She didn't deserve to have to choose. But she had to; perhaps, he thought previously, she didn't know what Yusuf thought of him, but now it looked like that was just empty hope.
Bitterness welled up inside him, then anger. He nearly crushed his precious parchment, with its neat lines of Greek and Turkish, side by side. He set his teeth, stood up, and put the book away neatly, then sat back down.
His father wouldn't live forever, and it was clear he no longer wished to divide his lands the way that the ancestors had done. His uncles and distant relatives were all but independent, and not always cooperative. It was obvious that to continue doing so would be to squander the strength, especially in this new land, where the Rum and the Slavs outnumbered his people twenty to one; to fade away or to be overthrown in the near future, instead of forging a new Empire out of what they were given.

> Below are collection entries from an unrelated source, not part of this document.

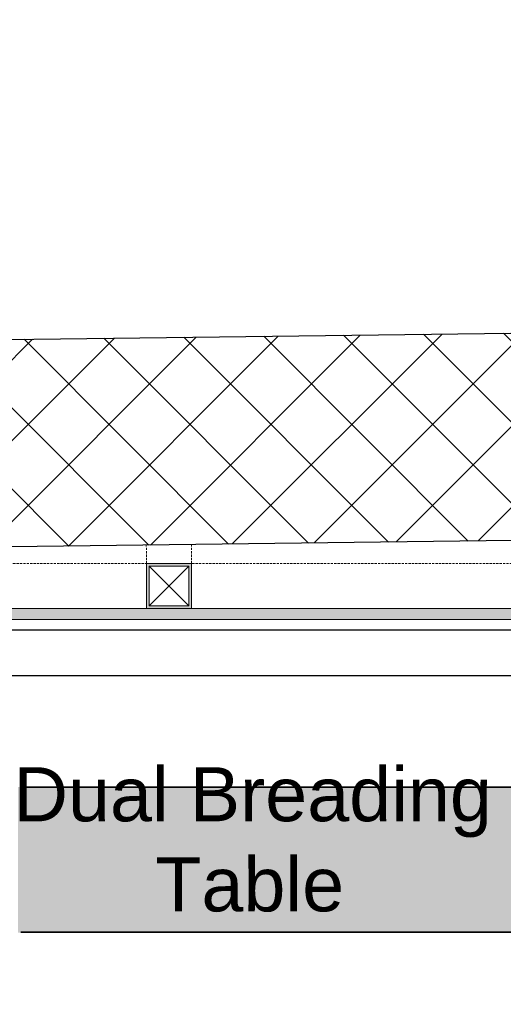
# Model space of a CAD drawing. Header units: millimetres. Extents: x 3501050 to 3719646, y 122984 to 158395.
# Tile 54 of 76: x 3518379 to 3518916, y 152245 to 153337. Entities that reach past the tile are written whole.
import ezdxf

# ---------------------------------------------------------------- set-up
doc = ezdxf.new("R2010")
doc.units = ezdxf.units.MM
doc.linetypes.add('HIDDEN', pattern=[0.375, 0.25, -0.125])
doc.layers.get('0').update_dxf_attribs({"color": 8})
for name, color, linetype, lineweight in [('02_EQUIPMENT-NON VEG', 1, 'Continuous', 0), ('02_EQUIPMENT-TEXT', 7, 'Continuous', 0), ('A-WALL', 12, 'Continuous', 30), ('A-Wall Hatch', 8, 'Continuous', 5), ('A-Wall Paneling', 1, 'Continuous', 9), ('D-Hatch', 85, 'Continuous', 9), ('KIOSK', 10, 'Continuous', 5), ('Ms Section', 6, 'Continuous', 5), ('P-PIPE', 1, 'Continuous', 35), ('tile finish', 32, 'Continuous', 9)]:
    doc.layers.add(name, color=color, linetype=linetype, lineweight=lineweight)
doc.styles.add('PDF Arial', font='arial.ttf')

# ---------------------------------------------------------------- blocks, each defined once
blk = doc.blocks.new('aaa')
at = {"layer": '02_EQUIPMENT-NON VEG', "linetype": 'ByBlock', "lineweight": 25}
blk.add_line((-333.013, 873.706), (-333.013, 947.706), dxfattribs=at)
blk.add_lwpolyline([(-331.02, 873.706), (-331.02, 947.706), (-360.909, 947.706), (-360.909, 873.706)], close=True, dxfattribs=at)
blk = doc.blocks.new('A$Cdd9ef9fa')
at = {"layer": 'D-Hatch'}
h = blk.add_hatch(color=256, dxfattribs=at)
h.dxf.hatch_style = 1
h.paths.add_polyline_path([(3, 47), (47, 47), (47, 3), (3, 3)], flags=16)
h.paths.add_polyline_path([(0, 50), (50, 50), (50, 0), (0, 0)])
at = {"ltscale": 1000}
for p, q in [((3, 3), (47, 47)), ((47, 3), (3, 47))]:
    blk.add_line(p, q, dxfattribs=at)
for points in [[(0, 50), (50, 50), (50, 0), (0, 0)], [(3, 47), (47, 47), (47, 3), (3, 3)]]:
    blk.add_lwpolyline(points, close=True, dxfattribs=at)
blk = doc.blocks.new('ea')
at = {"layer": 'P-PIPE', "lineweight": 5, "true_color": 0xff5c5c, "transparency": 33554559}
blk.add_hatch(color=11, dxfattribs=at).paths.add_polyline_path([(3643645.2, 153095.7), (3636772.7, 153095.4), (3636772.4, 153257), (3643645, 153256.1), (3643645.2, 153096)])
at = {"layer": 'P-PIPE', "color": 1, "true_color": 0xff0000}
for p, q in [((3636775.7, 153256.7), (3644159.3, 153256.7)), ((3636775.7, 153256.7), (3644159.3, 153256.7)), ((3636775.7, 153256.7), (3644159.3, 153256.7)), ((3644159.3, 153095.7), (3636775.7, 153095.7)), ((3644159.3, 153095.7), (3636775.7, 153095.7)), ((3644159.3, 153095.7), (3636775.7, 153095.7))]:
    blk.add_line(p, q, dxfattribs=at)
blk = doc.blocks.new('A$Cca2f4f65')
blk.add_blockref('ea', (-3630331, -154789.5))

msp = doc.modelspace()

# ---------------------------------------------------------------- hatches: boundary and pattern name
at = {"layer": 'A-Wall Hatch', "ltscale": 0.25}
h = msp.add_hatch(dxfattribs=at)
h.set_pattern_fill('ANSI37', color=256, scale=20)
h.set_pattern_definition([(45, (-57639.53, 1301.51), (-44.9012806, 44.9012806), []), (135, (-57639.53, 1301.51), (-44.9012806, -44.9012806), [])])
h.paths.add_polyline_path([(3518099.6, 154699.8), (3511903.9, 154610.3), (3511906.7, 154408.1), (3511906.8, 154408.1), (3516773.6, 154478.3), (3516773.6, 154479.1), (3516823.6, 154479.1), (3516823.6, 154445.3), (3516824.1, 154408.1), (3516824.6, 154408.1), (3516824.6, 154358.1), (3516824.8, 154358.1), (3516824.8, 154346.1), (3516824.9, 154336.9), (3517054.9, 154339.6), (3517053.2, 154480.1), (3518102.2, 154493.4)])
h.paths.add_polyline_path([(3517060.6, 153854.7), (3516830.6, 153852), (3516836.4, 153359), (3516841.5, 153359), (3516841.5, 153309), (3516837, 153309), (3516842.5, 152837.3), (3516843.4, 152837.3), (3516843.4, 152763.3), (3516843.7, 152733.4), (3517076, 152736.3), (3517073.1, 152966.3), (3517071, 152966.3)])
h.paths.add_polyline_path([(3519678.8, 152998.9), (3517574.4, 152972.6), (3517577.3, 152742.6), (3519683, 152769)])
h.paths.add_polyline_path([(3525298.5, 154803.7), (3518099.6, 154699.8), (3518102.2, 154493.4), (3520257.9, 154520.7), (3520263.1, 154101.3), (3520489.6, 154104.1), (3520489.6, 154383.3), (3520487.8, 154524.2), (3522772.5, 154551.3), (3522895.4, 154553.1), (3522907.4, 154553.3), (3522907.4, 154552.9), (3525303.4, 154581.3)])
h.paths.add_polyline_path([(3526389.7, 154566.6), (3526161.5, 154564.2), (3526166.1, 154172.9), (3526178.7, 154172.9), (3526178.7, 153472.9), (3526178, 153472.9), (3526224.5, 151099.3), (3526443.3, 151102.2)])
at = {"layer": 'A-Wall Paneling', "ltscale": 1000}
h = msp.add_hatch(dxfattribs=at)
h.set_pattern_fill('ANSI36', color=254, angle=135)
h.set_pattern_definition([(180, (97.4422, -153.436), (-5.55625, -3.175), [7.9375, -1.5875, 0, -1.5875])])
h.paths.add_polyline_path([(3516843.4, 152672), (3519574.8, 152672), (3519574.8, 152684), (3516843.4, 152684)])

# ---------------------------------------------------------------- linework, layer by layer
at = {"layer": 'A-WALL', "lineweight": 30}
for points in [[(3525303.4, 154581.3), (3520487.8, 154524.2), (3520509.7, 152779.3), (3516843.7, 152733.4), (3516823.2, 154479), (3511906.7, 154408.1), (3511903.9, 154610.3), (3525298.5, 154803.7)], [(3520276.8, 153006.4), (3520257.9, 154520.7), (3517053.2, 154480.1), (3517071, 152966.3)]]:
    msp.add_lwpolyline(points, close=True, dxfattribs=at)
at = {"layer": 'A-Wall Paneling', "ltscale": 1000}
msp.add_lwpolyline([(3516843.4, 152672), (3519574.8, 152672), (3519574.8, 152684), (3516843.4, 152684)], close=True, dxfattribs=at)
at = {"layer": 'Ms Section', "linetype": 'HIDDEN', "ltscale": 10}
for p, q in [((3518519.7, 152734), (3518519.4, 152754.4)), ((3518569.7, 152734), (3518569.4, 152755)), ((3516905.4, 152734), (3519574.8, 152734))]:
    msp.add_line(p, q, dxfattribs=at)
at = {"layer": 'tile finish'}
msp.add_lwpolyline([(3519574.8, 152672), (3516843.4, 152672), (3516843.4, 152660), (3519574.8, 152660)], close=True, dxfattribs=at)

# ---------------------------------------------------------------- block references
at = {"layer": '02_EQUIPMENT-NON VEG', "xscale": -25.4, "yscale": 25.4, "zscale": 25.4, "rotation": 270}
msp.add_blockref('aaa', (3495491, 161068.1), dxfattribs=at)
at = {"layer": 'KIOSK'}
msp.add_blockref('A$Cca2f4f65', (3511935.4, 154018.6), dxfattribs=at)
at = {"layer": 'Ms Section', "xscale": -1, "rotation": 180.0000129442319}
msp.add_blockref('A$Cdd9ef9fa', (3518519.7, 152734), dxfattribs=at)

# ---------------------------------------------------------------- texts
at = {"layer": '02_EQUIPMENT-TEXT', "insert": (3518302.6, 152507.9), "char_height": 60, "width": 657.776, "attachment_point": 1, "rotation": 0.0135, "style": 'PDF Arial'}
msp.add_mtext('\\pi69.32456;{\\C0;Dual Breading \\P\\pi226.7734;Table}', dxfattribs=at)

doc.saveas('drawing.dxf')

Nor would the Balkans forgive splintering; the Christian states, divided as they were, were easy pickings now. He could see how the reverse would be true – had already been true once. The Great Seljuk tide washed over this land before, then broke into small pools, then puddles; and the Rus swept them away when they took Constantunople. Anatolia was large, sparse. Thrace was closer, nearer, more connected. There was no space to let each son take up a Sanjak and go his own way.
Ishak dug under his pillow, and brought out a piece of paper, to read it. He had already read it before, again and again, and it still said the same thing.
To his careful offer of a strong right hand in the indefinite future, written vaguely so to be deniable, his fool of a brother replied in plain words -
“I promise you one thing: you shall have all the books you want, and some paper for when you run out of reading material. But when I rule, little brother, I will put you in the prettiest cage I can find, and keep you there.”
And his mother knew, and she would not choose.
He again wanted to scream, or cry, but he was better than that. He did the best with what he had, and something had to be done.
He threw the letter on the fire, then opened the door and summoned a servant.
“Bring me Orhan. Wake him if you need to.”
********
Historical Note - the Late Acritic Epic, or What Does the Sultan Read for Fun?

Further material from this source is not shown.